My poor little friend looked sadly bewildered.

“I’m more likely to cry myself,” she said. “This is so heart-breaking—I almost wish I was back in the time, before you came home, the time when your detestable sister first showed how she hated me. I was happy, meanly happy, in the spiteful enjoyment of provoking her. Oh, Euneece, I shall never recover my spirits again! All the pity in the world would not be pity enough for you. So hardly treated! so young! so forlorn! Your good father too ill to help you; your poor mother——”

I interrupted her; she had interested me in something better than my own wretched self. I asked directly if she had known my mother.

“My dear child, I never even saw her!”

“Has my father never spoken to you about her?”

“Only once, when I asked him how long she had been dead. He told me you lost her while you were an infant, and he told me no more. I was looking at her portrait in the study, only yesterday. I think it must be a bad portrait; your mother’s face disappoints me.”

I had arrived at the same conclusion years since. But I shrank from confessing it.
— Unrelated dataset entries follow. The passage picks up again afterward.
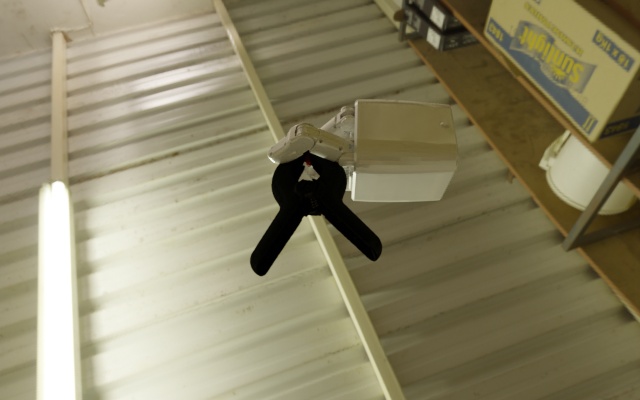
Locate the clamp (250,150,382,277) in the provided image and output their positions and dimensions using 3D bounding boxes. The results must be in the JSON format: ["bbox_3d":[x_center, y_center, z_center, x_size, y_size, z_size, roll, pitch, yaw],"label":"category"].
[{"bbox_3d":[0.000,0.002,0.480,0.120,0.171,0.039,3,-40,3],"label":"clamp"}]
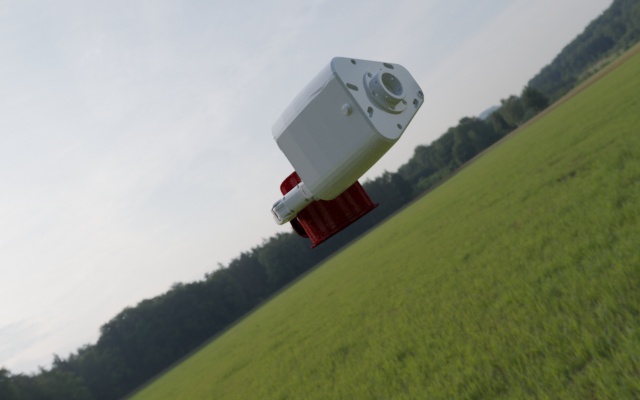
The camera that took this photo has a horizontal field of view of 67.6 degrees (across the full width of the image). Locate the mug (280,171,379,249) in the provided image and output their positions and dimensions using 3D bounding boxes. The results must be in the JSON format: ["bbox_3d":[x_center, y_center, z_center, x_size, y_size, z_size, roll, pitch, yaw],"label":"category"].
[{"bbox_3d":[-0.001,0.002,0.559,0.093,0.081,0.117,-28,-8,-45],"label":"mug"}]
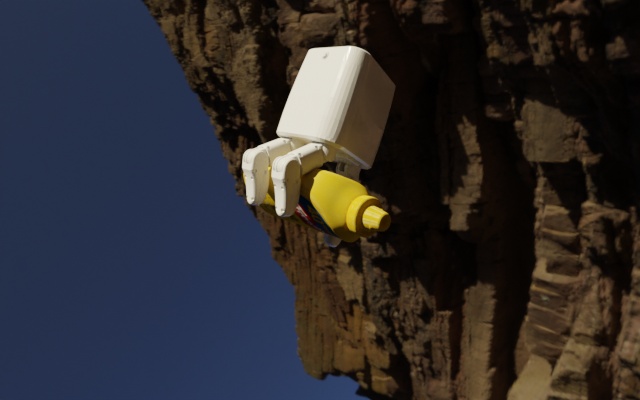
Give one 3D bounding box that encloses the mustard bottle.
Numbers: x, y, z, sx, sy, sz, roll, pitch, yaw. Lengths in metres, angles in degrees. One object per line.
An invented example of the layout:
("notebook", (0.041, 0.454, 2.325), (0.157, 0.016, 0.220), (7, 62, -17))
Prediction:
("mustard bottle", (0.000, 0.002, 0.523), (0.191, 0.058, 0.096), (16, -28, 47))
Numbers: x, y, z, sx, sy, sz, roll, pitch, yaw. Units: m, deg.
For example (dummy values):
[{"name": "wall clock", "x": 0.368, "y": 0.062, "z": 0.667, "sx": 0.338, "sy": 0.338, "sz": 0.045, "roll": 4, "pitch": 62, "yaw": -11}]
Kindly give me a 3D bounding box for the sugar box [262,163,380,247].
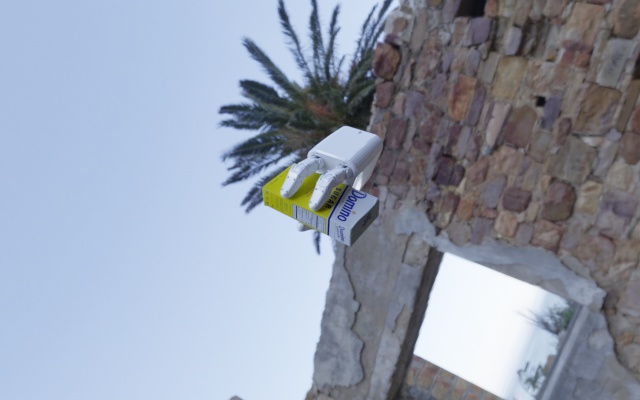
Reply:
[{"name": "sugar box", "x": 0.000, "y": 0.002, "z": 0.793, "sx": 0.176, "sy": 0.048, "sz": 0.093, "roll": 22, "pitch": 44, "yaw": 26}]
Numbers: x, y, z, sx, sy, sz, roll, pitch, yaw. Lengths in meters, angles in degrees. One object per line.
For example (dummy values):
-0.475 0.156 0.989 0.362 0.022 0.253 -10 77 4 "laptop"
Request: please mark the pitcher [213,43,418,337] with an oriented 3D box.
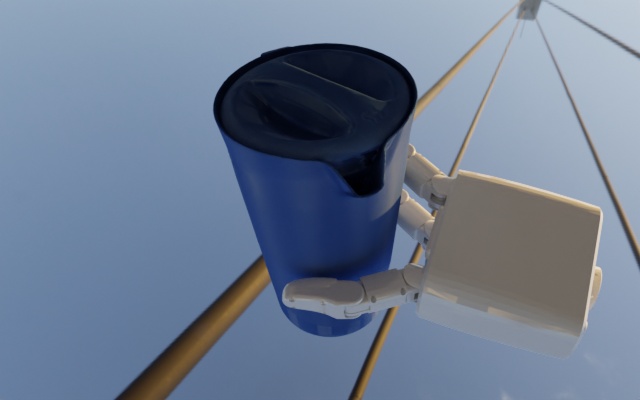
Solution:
0.000 0.001 0.400 0.145 0.243 0.149 14 49 17 "pitcher"
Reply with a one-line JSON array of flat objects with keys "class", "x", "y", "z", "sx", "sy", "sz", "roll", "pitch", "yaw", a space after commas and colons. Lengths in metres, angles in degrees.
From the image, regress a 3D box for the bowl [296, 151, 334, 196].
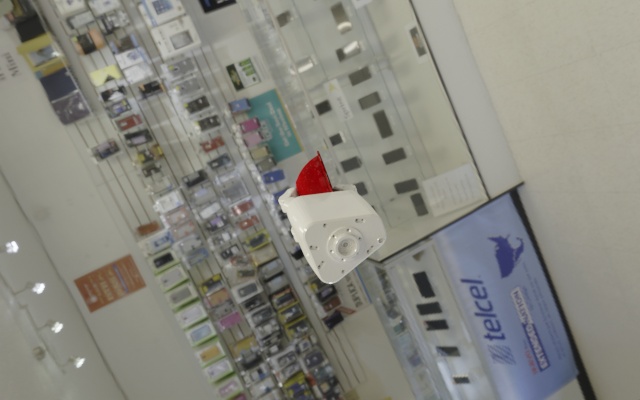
[{"class": "bowl", "x": 0.000, "y": 0.003, "z": 0.790, "sx": 0.055, "sy": 0.162, "sz": 0.162, "roll": -20, "pitch": -1, "yaw": 3}]
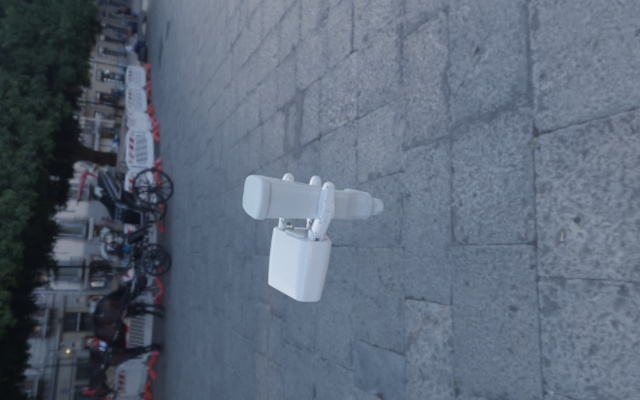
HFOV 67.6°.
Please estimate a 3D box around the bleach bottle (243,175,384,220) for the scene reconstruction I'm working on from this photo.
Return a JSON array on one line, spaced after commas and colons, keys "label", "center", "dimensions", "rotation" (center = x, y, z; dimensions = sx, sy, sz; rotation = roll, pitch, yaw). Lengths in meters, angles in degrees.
[{"label": "bleach bottle", "center": [0.000, 0.003, 0.824], "dimensions": [0.251, 0.068, 0.102], "rotation": [5, 7, -25]}]
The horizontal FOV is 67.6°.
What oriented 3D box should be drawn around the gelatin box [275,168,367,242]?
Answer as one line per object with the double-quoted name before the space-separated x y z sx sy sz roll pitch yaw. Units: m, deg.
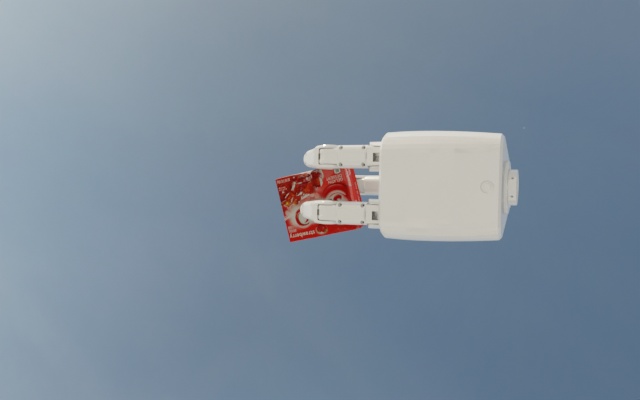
"gelatin box" 0.000 0.002 0.522 0.089 0.073 0.030 -12 2 29
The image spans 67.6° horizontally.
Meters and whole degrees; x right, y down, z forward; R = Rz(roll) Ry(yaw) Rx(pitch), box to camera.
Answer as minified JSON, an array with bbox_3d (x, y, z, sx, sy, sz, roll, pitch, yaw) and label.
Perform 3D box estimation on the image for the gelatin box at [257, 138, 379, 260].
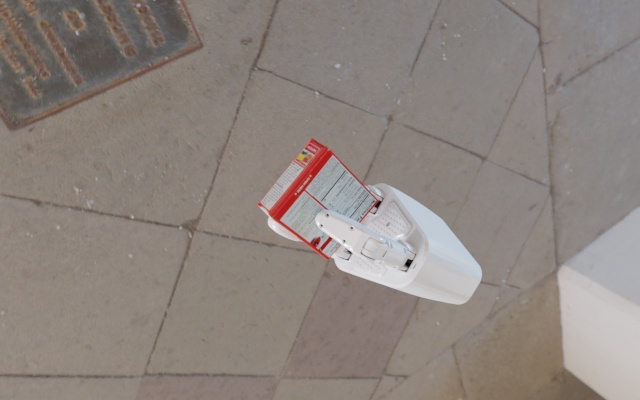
[{"bbox_3d":[0.000,0.001,0.416,0.030,0.073,0.089,37,-3,46],"label":"gelatin box"}]
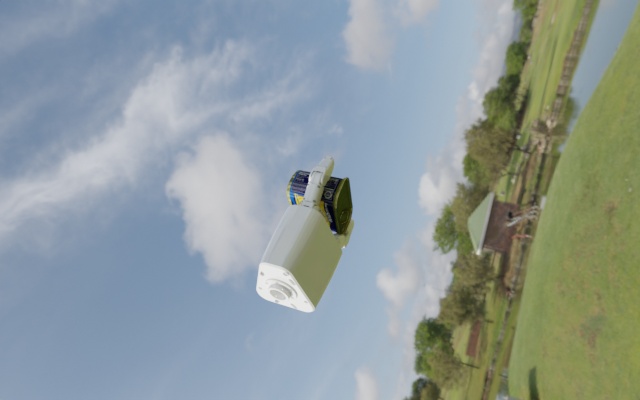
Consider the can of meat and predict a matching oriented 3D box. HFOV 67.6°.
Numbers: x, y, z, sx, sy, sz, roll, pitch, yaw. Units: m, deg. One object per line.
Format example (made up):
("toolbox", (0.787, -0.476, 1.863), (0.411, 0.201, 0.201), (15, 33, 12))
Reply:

“At any rate,” Selina continued, “you are not like her. Nobody would ever guess that you were the child of that lady, with the long slanting forehead and the restless look in her eyes.”

What Selina had said of me and my mother’s portrait, other friends had said. There was nothing that I know of to interest me in hearing it repeated—and yet it set me pondering on the want of resemblance between my mother’s face and mine, and wondering (not for the first time) what sort of woman my mother was. When my father speaks of her, no words of praise that he can utter seem to be good enough for her. Oh, me, I wish I was a little more like my mother!

It began to get dark; Maria brought in the lamp. The sudden brightness of the flame struck my aching eyes, as if it had been a blow from a knife. I was obliged to hide my face in my handkerchief. Compassionate Selina entreated me to go to bed. “Rest your poor eyes, my child, and your weary head—and try at least to get some sleep.” She found me very docile; I kissed her, and said good-night. I had my own idea.

When all was quiet in the house, I stole out into the passage and listened at the door of my father’s room.

I heard his regular breathing, and opened the door and went in. The composing medicine, of which I was in search, was not on the table by his bedside. I found it in the cupboard—perhaps placed purposely out of his reach. They say that some physic is poison, if you take too much of it. The label on the bottle told me what the dose was. I dropped it into the medicine glass, and swallowed it, and went back to my father.

Very gently, so as not to wake him, I touched poor papa’s forehead with my lips. “I must have some of your medicine,” I whispered to him; “I want it, dear, as badly as you do.”

Then I returned to my own room—and lay down in bed, waiting to be composed.